Exercise: The expected output is an exact copy of the lines from the one containing "Instruction: Locate the" to the final line below, minus any pictures.

Data in this exercise:

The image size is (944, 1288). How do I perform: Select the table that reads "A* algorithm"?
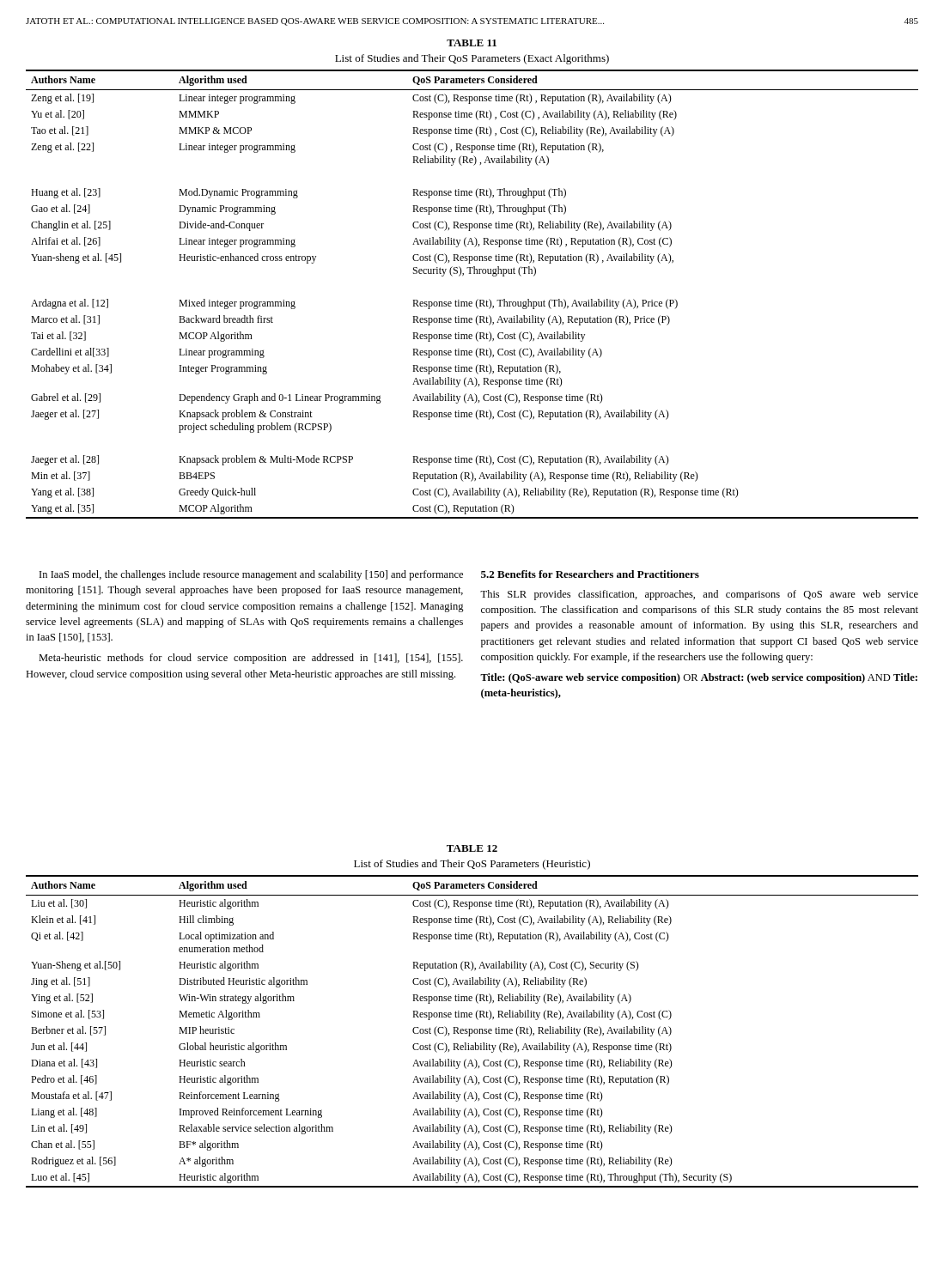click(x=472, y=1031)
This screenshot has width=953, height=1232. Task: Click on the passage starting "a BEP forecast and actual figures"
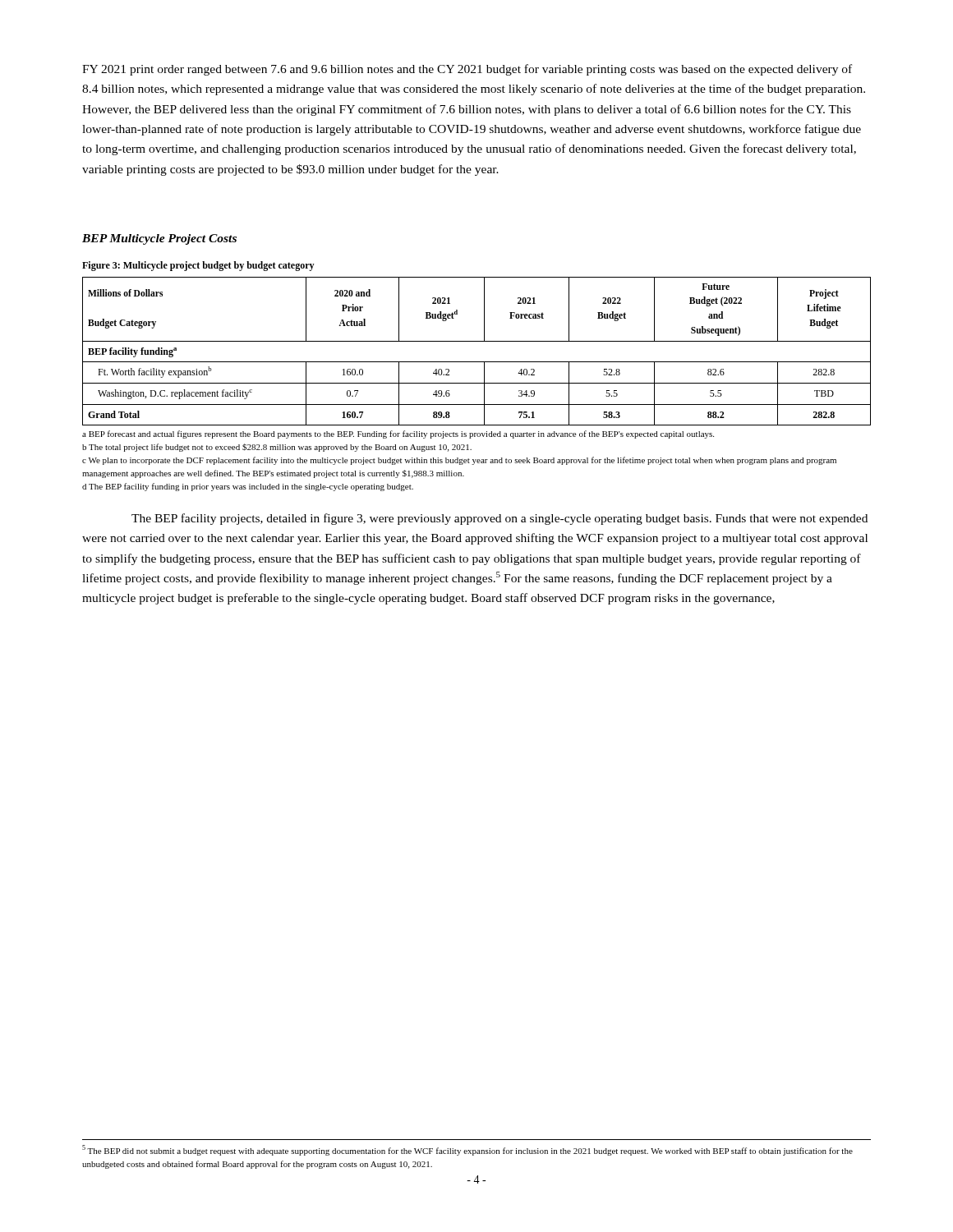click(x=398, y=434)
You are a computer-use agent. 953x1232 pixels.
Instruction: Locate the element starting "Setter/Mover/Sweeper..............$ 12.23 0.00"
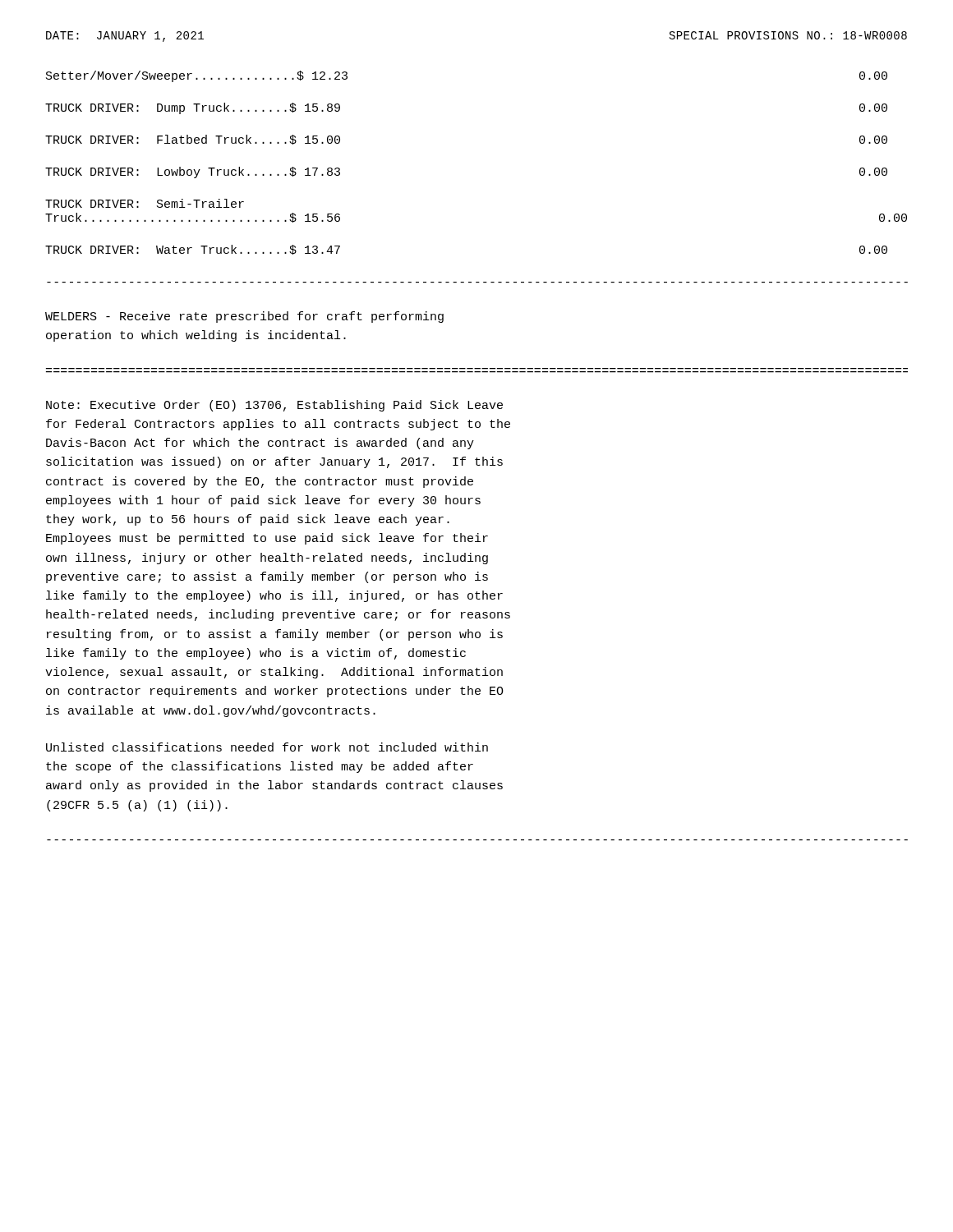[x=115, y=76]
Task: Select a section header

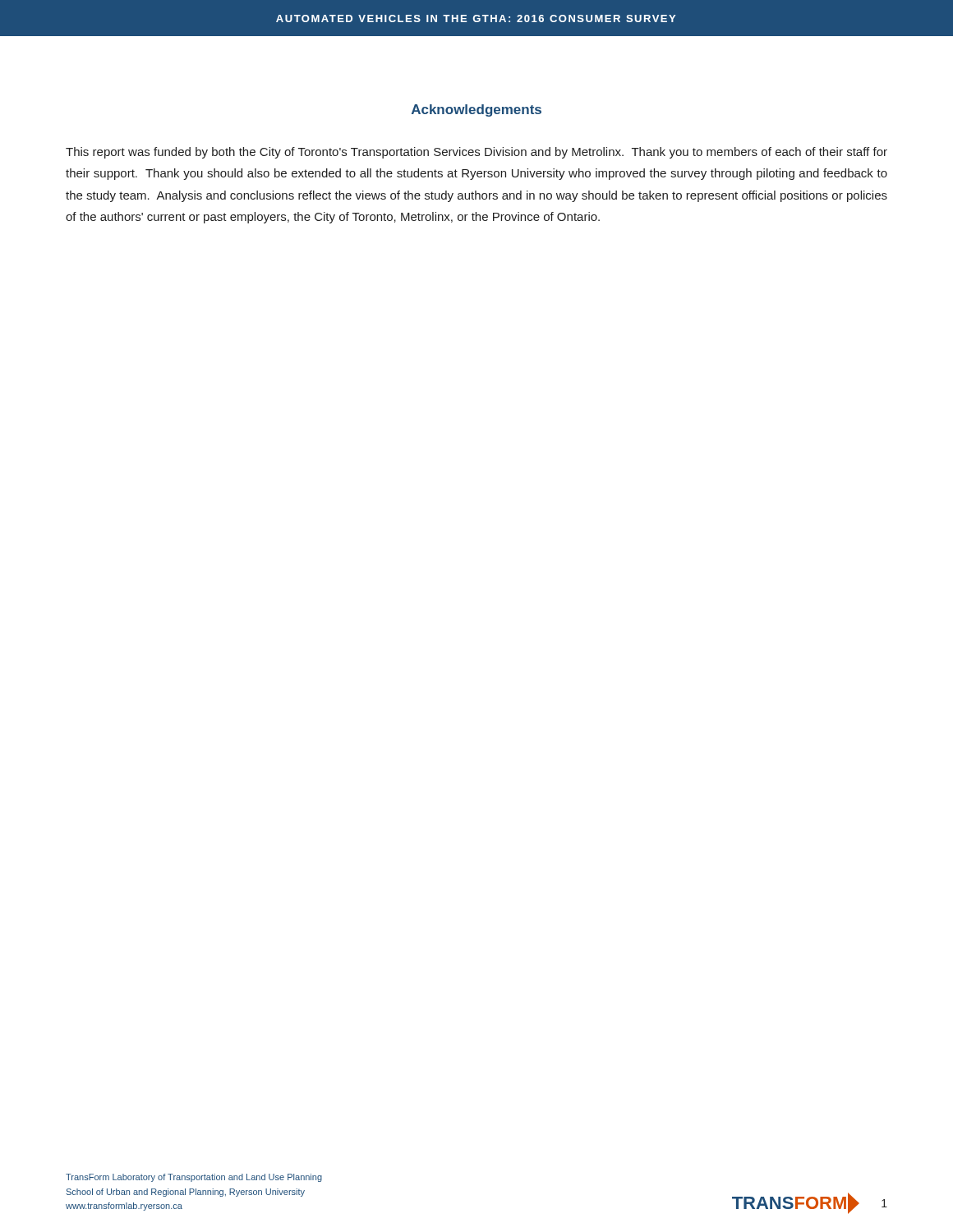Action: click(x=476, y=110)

Solution to this task:
Instruction: Locate the element starting "Setter/Mover/Sweeper..............$ 12.23 0.00"
[x=115, y=76]
Task: Select a section header

Action: click(x=476, y=110)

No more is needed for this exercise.